Action item
Using the records below, output the stretch that opens with the line containing "An invented example" and closes with the line containing "12. car at [1020, 851, 1038, 866]", exactly and including both lines, with nothing more.

Data shown
# # # # # # #
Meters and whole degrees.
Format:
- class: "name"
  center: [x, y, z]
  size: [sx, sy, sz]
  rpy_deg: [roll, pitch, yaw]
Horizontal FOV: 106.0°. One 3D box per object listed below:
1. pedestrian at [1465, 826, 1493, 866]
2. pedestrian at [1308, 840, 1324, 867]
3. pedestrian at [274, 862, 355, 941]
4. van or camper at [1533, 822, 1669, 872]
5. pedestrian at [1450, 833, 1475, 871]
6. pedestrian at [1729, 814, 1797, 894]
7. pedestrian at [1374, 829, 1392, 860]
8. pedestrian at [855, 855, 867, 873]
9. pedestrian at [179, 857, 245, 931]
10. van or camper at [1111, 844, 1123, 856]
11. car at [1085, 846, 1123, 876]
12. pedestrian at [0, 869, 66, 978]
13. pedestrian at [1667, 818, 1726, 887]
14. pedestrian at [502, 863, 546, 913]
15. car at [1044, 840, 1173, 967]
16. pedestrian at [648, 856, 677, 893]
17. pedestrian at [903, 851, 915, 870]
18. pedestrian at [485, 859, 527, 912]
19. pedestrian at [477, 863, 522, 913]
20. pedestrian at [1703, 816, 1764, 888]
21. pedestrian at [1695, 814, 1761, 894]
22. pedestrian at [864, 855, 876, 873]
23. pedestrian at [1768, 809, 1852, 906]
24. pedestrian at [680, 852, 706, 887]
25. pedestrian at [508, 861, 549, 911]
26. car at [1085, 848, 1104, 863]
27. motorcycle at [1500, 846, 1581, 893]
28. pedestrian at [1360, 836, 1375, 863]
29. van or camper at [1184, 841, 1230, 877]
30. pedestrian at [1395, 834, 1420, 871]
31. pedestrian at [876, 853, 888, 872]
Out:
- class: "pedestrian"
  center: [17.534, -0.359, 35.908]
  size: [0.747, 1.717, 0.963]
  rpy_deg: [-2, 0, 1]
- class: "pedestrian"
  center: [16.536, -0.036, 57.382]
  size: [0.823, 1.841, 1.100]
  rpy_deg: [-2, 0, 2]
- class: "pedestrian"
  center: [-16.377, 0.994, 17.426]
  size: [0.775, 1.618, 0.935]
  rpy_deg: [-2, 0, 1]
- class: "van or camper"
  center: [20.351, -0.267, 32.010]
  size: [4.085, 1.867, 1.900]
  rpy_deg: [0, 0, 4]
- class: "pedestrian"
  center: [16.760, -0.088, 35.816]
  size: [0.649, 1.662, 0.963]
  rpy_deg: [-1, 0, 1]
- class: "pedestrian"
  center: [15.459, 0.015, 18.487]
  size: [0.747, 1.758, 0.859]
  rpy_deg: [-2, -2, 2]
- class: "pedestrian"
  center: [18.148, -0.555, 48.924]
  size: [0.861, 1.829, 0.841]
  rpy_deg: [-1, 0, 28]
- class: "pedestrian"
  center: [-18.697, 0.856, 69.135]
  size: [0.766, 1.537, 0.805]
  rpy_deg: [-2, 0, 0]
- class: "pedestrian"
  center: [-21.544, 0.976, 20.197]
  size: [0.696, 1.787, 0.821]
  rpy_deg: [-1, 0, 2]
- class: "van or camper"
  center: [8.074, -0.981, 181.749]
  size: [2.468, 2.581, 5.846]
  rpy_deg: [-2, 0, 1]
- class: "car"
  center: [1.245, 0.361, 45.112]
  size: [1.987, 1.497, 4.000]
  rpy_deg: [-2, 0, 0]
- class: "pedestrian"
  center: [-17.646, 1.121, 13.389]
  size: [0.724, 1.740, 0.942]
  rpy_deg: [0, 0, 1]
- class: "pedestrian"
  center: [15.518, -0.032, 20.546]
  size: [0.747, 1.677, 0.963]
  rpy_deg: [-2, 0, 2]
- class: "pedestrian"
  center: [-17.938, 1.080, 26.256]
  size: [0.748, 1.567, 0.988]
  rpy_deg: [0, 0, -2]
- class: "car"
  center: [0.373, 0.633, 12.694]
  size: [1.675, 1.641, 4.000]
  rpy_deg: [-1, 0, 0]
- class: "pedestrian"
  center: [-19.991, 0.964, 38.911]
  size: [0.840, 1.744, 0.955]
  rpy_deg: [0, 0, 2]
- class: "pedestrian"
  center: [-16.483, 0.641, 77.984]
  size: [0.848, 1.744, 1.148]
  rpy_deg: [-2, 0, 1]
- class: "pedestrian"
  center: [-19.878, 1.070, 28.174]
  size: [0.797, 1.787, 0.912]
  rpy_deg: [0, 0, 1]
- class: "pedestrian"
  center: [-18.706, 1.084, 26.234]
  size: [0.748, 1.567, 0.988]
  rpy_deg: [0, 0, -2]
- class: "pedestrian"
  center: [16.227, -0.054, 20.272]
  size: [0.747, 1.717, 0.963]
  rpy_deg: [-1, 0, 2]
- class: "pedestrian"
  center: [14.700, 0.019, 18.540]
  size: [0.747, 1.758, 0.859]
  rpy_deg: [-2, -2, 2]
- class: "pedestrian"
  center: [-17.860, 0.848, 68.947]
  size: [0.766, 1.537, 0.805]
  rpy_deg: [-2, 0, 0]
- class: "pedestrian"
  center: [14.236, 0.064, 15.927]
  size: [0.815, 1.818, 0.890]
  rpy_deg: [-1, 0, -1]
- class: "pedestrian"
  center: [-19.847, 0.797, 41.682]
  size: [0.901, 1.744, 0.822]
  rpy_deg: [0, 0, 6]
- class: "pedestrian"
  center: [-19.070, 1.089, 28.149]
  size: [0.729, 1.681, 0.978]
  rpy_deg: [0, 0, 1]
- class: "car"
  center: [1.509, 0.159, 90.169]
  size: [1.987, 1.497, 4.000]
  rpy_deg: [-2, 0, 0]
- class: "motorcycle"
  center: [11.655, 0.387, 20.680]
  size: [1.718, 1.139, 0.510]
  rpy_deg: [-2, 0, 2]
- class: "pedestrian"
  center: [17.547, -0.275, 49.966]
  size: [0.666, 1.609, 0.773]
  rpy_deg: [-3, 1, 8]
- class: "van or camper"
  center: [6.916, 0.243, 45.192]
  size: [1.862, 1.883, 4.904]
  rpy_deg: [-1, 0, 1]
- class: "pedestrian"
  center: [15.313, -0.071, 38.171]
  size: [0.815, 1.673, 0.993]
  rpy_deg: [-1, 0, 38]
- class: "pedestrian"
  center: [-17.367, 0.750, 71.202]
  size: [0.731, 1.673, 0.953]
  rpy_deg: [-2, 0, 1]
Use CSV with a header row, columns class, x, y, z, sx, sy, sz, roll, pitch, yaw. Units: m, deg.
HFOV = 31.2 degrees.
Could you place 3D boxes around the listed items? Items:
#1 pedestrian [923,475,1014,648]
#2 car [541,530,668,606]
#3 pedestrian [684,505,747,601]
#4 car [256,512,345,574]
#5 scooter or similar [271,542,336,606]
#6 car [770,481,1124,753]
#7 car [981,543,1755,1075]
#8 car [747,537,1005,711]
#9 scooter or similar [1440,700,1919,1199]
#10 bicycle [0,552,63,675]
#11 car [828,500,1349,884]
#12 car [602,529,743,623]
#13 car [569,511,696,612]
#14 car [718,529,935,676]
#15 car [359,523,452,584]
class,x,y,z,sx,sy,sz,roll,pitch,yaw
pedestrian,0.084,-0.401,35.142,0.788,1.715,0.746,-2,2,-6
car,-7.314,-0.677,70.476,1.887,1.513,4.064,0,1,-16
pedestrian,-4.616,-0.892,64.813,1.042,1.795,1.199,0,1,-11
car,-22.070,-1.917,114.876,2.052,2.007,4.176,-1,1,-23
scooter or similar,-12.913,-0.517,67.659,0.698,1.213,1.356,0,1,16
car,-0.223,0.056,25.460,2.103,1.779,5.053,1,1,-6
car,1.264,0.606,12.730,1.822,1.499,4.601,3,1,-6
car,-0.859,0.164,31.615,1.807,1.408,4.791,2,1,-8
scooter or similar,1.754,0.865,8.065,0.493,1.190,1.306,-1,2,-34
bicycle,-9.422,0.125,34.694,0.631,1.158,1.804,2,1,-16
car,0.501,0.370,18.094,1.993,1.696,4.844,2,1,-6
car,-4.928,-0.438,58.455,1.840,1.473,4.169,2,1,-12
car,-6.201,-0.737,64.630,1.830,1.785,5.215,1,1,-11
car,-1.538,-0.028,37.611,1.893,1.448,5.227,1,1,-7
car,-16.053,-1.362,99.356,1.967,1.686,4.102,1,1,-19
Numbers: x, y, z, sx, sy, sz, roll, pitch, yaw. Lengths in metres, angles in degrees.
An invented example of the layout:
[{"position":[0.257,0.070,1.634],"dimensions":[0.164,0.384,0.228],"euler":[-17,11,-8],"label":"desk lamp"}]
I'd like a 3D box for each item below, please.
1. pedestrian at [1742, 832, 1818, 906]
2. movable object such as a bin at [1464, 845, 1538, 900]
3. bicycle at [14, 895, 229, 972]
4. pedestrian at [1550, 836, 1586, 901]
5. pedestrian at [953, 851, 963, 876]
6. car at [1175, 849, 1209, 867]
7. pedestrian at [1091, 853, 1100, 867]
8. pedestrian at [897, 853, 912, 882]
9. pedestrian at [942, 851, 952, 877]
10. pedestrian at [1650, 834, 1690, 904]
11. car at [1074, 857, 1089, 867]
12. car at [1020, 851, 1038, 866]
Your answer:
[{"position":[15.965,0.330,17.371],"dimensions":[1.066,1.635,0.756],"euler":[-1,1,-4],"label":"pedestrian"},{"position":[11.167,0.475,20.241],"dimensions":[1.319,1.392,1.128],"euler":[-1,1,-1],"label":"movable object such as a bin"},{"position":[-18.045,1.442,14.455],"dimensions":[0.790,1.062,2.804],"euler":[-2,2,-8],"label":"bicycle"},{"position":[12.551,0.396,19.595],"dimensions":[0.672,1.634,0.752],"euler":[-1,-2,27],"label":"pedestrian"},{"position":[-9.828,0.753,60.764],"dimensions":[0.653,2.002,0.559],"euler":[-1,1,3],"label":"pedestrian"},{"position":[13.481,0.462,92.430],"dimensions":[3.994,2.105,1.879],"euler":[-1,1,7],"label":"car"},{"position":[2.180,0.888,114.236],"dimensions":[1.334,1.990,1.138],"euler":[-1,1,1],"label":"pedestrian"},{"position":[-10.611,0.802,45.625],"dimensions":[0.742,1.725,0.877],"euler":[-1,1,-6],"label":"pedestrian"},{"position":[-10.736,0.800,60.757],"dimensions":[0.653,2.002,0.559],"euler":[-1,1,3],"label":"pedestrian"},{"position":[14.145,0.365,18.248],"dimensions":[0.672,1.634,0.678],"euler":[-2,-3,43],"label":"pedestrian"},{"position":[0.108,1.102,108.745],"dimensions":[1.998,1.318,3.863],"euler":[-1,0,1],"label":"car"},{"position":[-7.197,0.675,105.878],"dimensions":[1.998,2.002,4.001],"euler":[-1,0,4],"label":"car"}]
# # # # # # #
Exercise result
An invented example of the layout:
[{"position":[0.257,0.070,1.634],"dimensions":[0.164,0.384,0.228],"euler":[-17,11,-8],"label":"desk lamp"}]
I'd like a 3D box for each item below, please.
1. pedestrian at [1742, 832, 1818, 906]
2. movable object such as a bin at [1464, 845, 1538, 900]
3. bicycle at [14, 895, 229, 972]
4. pedestrian at [1550, 836, 1586, 901]
5. pedestrian at [953, 851, 963, 876]
6. car at [1175, 849, 1209, 867]
7. pedestrian at [1091, 853, 1100, 867]
8. pedestrian at [897, 853, 912, 882]
9. pedestrian at [942, 851, 952, 877]
10. pedestrian at [1650, 834, 1690, 904]
11. car at [1074, 857, 1089, 867]
12. car at [1020, 851, 1038, 866]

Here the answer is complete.